= Beginning of Section =

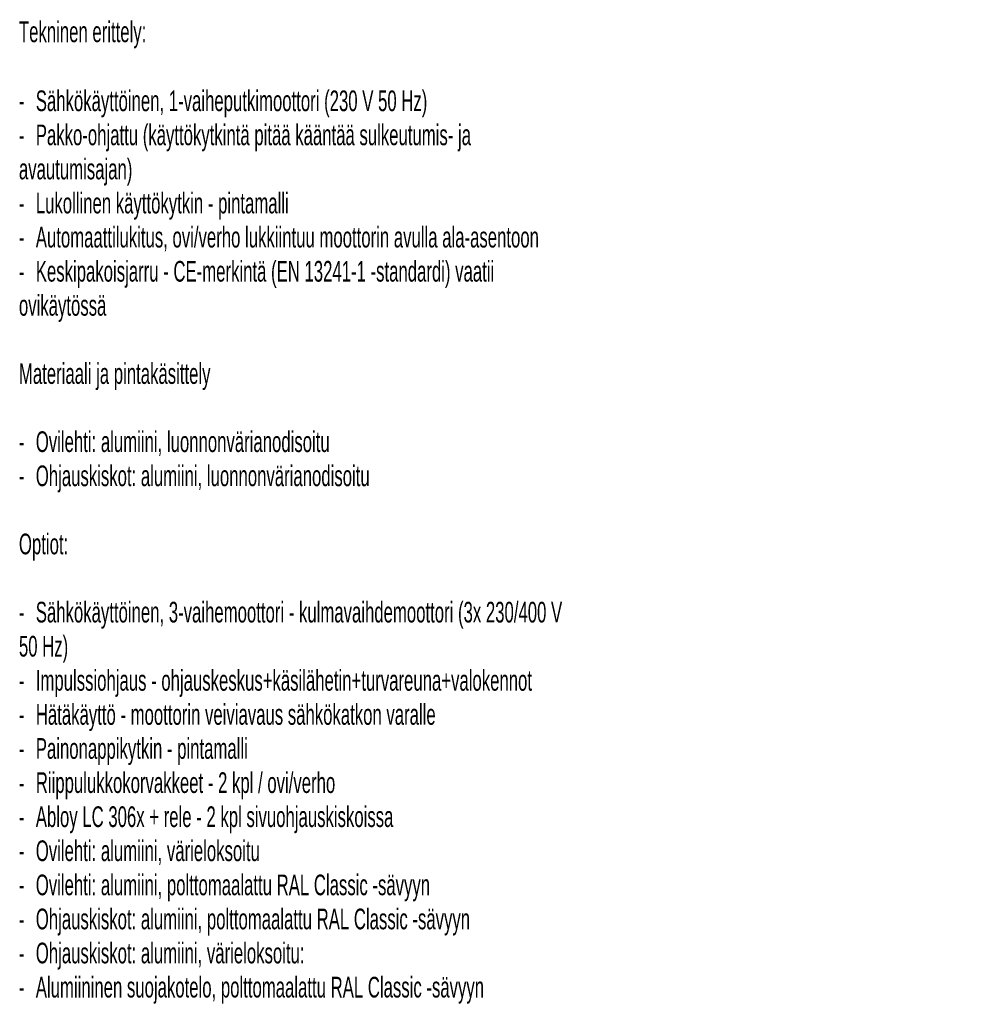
# Model space of a CAD drawing. Header units: millimetres. Extents: x 24 to 749, y 4 to 419.
# Tile 17 of 24: x 275 to 422, y 121 to 272. Entities that reach past the tile are written whole.
import ezdxf

# ---------------------------------------------------------------- set-up
doc = ezdxf.new("R2010")
doc.units = ezdxf.units.MM
doc.styles.add('SLDTEXTSTYLE0', font='TXT', dxfattribs={"width": 0.605})

# ---------------------------------------------------------------- blocks, each defined once
blk = doc.blocks.new('SW_NOTE_1')
at = {"color": 0, "linetype": 'Continuous', "lineweight": 0, "attachment_point": 1, "style": 'SLDTEXTSTYLE0'}
for s, insert, char_height in [('Tekninen erittely:', (0, 4.09), 3.175), ('Sähkökäyttöinen, 1-vaiheputkimoottori (230 V 50 Hz)', (2.59, -6.5), 3.175), ('-', (0, -6.51), 3.17), ('Pakko-ohjattu (käyttökytkintä pitää kääntää sulkeutumis- ja', (2.59, -11.73), 3.175), ('-', (0, -11.75), 3.17), ('avautumisajan)', (0, -16.97), 3.175), ('Lukollinen käyttökytkin - pintamalli', (2.59, -22.2), 3.175), ('-', (0, -22.21), 3.17), ('Automaattilukitus, ovi/verho lukkiintuu moottorin avulla ala-asentoon', (2.59, -27.43), 3.175), ('-', (0, -27.45), 3.17), ('Keskipakoisjarru - CE-merkintä (EN 13241-1 -standardi) vaatii', (2.59, -32.67), 3.175), ('-', (0, -32.68), 3.17), ('ovikäytössä', (0, -37.9), 3.175), ('Materiaali ja pintakäsittely', (0, -48.37), 3.175), ('Ovilehti: alumiini, luonnonvärianodisoitu', (2.59, -58.83), 3.175), ('-', (0, -58.85), 3.17), ('Ohjauskiskot: alumiini, luonnonvärianodisoitu', (2.59, -64.07), 3.175), ('-', (0, -64.08), 3.17), ('Optiot:', (0, -74.53), 3.175), ('Sähkökäyttöinen, 3-vaihemoottori - kulmavaihdemoottori (3x 230/400 V', (2.59, -85), 3.175), ('-', (0, -85.01), 3.17), ('50 Hz)', (0, -90.23), 3.175), ('Impulssiohjaus - ohjauskeskus+käsilähetin+turvareuna+valokennot', (2.59, -95.47), 3.175), ('-', (0, -95.48), 3.17), ('Hätäkäyttö - moottorin veiviavaus sähkökatkon varalle', (2.59, -100.7), 3.175), ('-', (0, -100.71), 3.17), ('Painonappikytkin - pintamalli', (2.59, -105.93), 3.175), ('-', (0, -105.95), 3.17), ('Riippulukkokorvakkeet - 2 kpl / ovi/verho', (2.59, -111.17), 3.175), ('-', (0, -111.18), 3.17), ('Abloy LC 306x + rele - 2 kpl sivuohjauskiskoissa', (2.59, -116.4), 3.175), ('-', (0, -116.41), 3.17), ('Ovilehti: alumiini, värieloksoitu', (2.59, -121.63), 3.175), ('-', (0, -121.65), 3.17), ('Ovilehti: alumiini, polttomaalattu RAL Classic -sävyyn', (2.59, -126.87), 3.175), ('-', (0, -126.88), 3.17), ('Ohjauskiskot: alumiini, polttomaalattu RAL Classic -sävyyn', (2.59, -132.1), 3.175), ('-', (0, -132.11), 3.17), ('Ohjauskiskot: alumiini, värieloksoitu:', (2.59, -137.33), 3.175), ('-', (0, -137.35), 3.17), ('Alumiininen suojakotelo, polttomaalattu RAL Classic -sävyyn', (2.59, -142.57), 3.175), ('-', (0, -142.58), 3.17)]:
    blk.add_mtext(s, dxfattribs=dict(at, insert=insert, char_height=char_height))

msp = doc.modelspace()

# ---------------------------------------------------------------- block references
at = {"color": 7, "linetype": 'Continuous', "lineweight": 0}
msp.add_blockref('SW_NOTE_1', (274.9177, 268.0428), dxfattribs=at)

doc.saveas('drawing.dxf')

= End of Section =

- **EXERCISE GOAL**
Over the whole of the material above, count the lines that contain the word "color"; give only the number.

- **ANSWER TO THIS TASK**
2